Em 2020, muitas famílias tiveram que se despedir, a distância, de familiares e amigos que não conseguiram vencer a Covid-19. Como lidar com esse luto? Acolher a dor sentida pela perda, especialmente em um momento em que o contato físico não é permitido, é muito importante. Diante desse contexto, o luto surge como uma reação necessária, normal, esperada e que cada um vivencia da sua própria maneira. O luto possibilita à pessoa elaborar o seu sentir para seguir com sua vida. É um processo que necessita de tempo para a pessoa se adaptar à perda e a todas as mudanças que vêm com ela. Para lidar com o processo de luto, é importante que se busque aceitar a nova realidade. Para isso, os rituais de despedida são de suma importância.

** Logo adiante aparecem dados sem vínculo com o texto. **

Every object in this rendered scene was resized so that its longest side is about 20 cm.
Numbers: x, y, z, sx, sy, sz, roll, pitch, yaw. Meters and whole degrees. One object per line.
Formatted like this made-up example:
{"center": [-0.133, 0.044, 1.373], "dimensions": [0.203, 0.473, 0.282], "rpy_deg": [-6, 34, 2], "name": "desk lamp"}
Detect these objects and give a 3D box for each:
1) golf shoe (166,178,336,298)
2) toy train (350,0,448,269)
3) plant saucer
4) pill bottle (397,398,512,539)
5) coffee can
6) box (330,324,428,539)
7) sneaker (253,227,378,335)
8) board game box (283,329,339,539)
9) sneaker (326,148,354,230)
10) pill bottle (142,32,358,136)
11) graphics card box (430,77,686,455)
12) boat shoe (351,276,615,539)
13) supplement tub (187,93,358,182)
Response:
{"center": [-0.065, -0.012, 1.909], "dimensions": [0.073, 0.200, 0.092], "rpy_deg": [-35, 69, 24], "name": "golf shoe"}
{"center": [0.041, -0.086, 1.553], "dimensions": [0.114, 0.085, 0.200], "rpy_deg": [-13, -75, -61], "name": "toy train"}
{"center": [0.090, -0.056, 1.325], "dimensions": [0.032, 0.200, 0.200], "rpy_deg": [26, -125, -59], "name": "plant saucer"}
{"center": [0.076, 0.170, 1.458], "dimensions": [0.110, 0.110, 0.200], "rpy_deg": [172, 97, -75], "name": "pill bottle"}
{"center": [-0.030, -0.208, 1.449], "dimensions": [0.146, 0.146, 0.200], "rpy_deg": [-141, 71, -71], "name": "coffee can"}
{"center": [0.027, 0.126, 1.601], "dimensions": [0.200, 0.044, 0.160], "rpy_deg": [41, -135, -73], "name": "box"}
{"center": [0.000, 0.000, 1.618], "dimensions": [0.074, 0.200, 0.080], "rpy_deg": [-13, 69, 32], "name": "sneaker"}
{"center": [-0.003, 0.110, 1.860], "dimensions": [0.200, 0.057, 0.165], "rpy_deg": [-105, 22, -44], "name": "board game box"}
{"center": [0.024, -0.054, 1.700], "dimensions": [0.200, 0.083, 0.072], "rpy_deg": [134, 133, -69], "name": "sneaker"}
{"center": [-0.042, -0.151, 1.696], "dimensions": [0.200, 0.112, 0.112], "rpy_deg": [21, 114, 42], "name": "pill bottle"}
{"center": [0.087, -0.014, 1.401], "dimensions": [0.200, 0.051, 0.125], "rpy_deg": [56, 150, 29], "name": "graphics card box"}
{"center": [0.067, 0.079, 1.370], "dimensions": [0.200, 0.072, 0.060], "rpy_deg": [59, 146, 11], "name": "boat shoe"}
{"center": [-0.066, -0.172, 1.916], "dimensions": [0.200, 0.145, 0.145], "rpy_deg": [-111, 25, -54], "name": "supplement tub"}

No entanto, nesse momento alguns rituais não estão sendo possíveis. Mas é possível repensar alguns rituais de despedida, como, por exemplo, através da escrita de uma carta para a pessoa que faleceu. Fazendo isso, promove-se um “fechamento” do ciclo vivido junto a quem faleceu, expressando sentimentos que possam, de alguma forma, estar influenciando na dificuldade da elaboração do luto. Para ajudar uma pessoa enlutada, podemos ter algumas atitudes de primeiros socorros psicológicos. Por exemplo: buscar ter empatia sem julgar a dor do outro; evitar dizer expressões, como “isso vai passar”, “Deus sabe o que faz”, “era hora dele(a)”. Ao invés disso, procure oferecer frases acolhedoras, como: “você não está sozinho”, “estou aqui para o que precisar”, “sinto muito por você estar assim”, “há algo que posso fazer por você nesse momento?” Ofereça a escuta atenta ao que a pessoa tem a dizer. Caso o indivíduo não queira conversar, não tente minimizar a dor dele, respeite o seu silencio. Perceba se esse alguém está precisando de ajuda para realizar atividades do dia a dia, como ir ao supermercado ou à farmácia. Deixe-o chorar e permita que ele expresse sua dor. Fique junto a ele nesse momento difícil. Lembre-se de que estar junto não é necessariamente estar perto fisicamente. Esse amparo pode ser realizado através de uma chamada de vídeo pelo celular, por exemplo.

 

É possível fazer uma retrospectiva do que vivemos e que nos transformou em 2020, marcado pela pandemia? Gostaria de fazer uma reflexão em retrospectiva de tudo que experienciamos até aqui com a pandemia da Covid-19. O momento é transformador, o vírus nos cutucou do lado de fora, convocando-nos a (re)conhecer o lado de dentro, seja de nós ou de nossas casas. Foi necessário contato com o que antes poderia ficar para o amanhã. Foi preciso reger as fraquezas e desbravar forças que muitos não sabiam que tinham. O vírus convocou o ser humano a respeitar o tempo dos processos que não estão em sua possibilidade de atuação. O período exigiu de muitos a revisão do eu, dos valores, do mundo e das prioridades. Houve percepções de que “transformar coisas” não é só para especialista ou cientista; a vivência na prática tem seu jeito único de ser. O período de vírus solto pelo ar pode nos fazer desbravar com ousadia as possibilidades de resolução de problemas. Afinal, para sobrevivermos, muitas vezes temos que sentir medo e ir com medo para atravessarmos as pedras no caminho. O momento difícil pode nos ensinar a transformar dor em conhecimento de vida, a encontrar nossas potencialidades para explorarmos com coragem a força do ser dentro da sociedade humana e (re)conhecer o poder da união. A transformação pode não ser confortável ou agradável, mas amadurece o homem de alguma forma. O cenário mudou e nossas possibilidades de atuação nele também.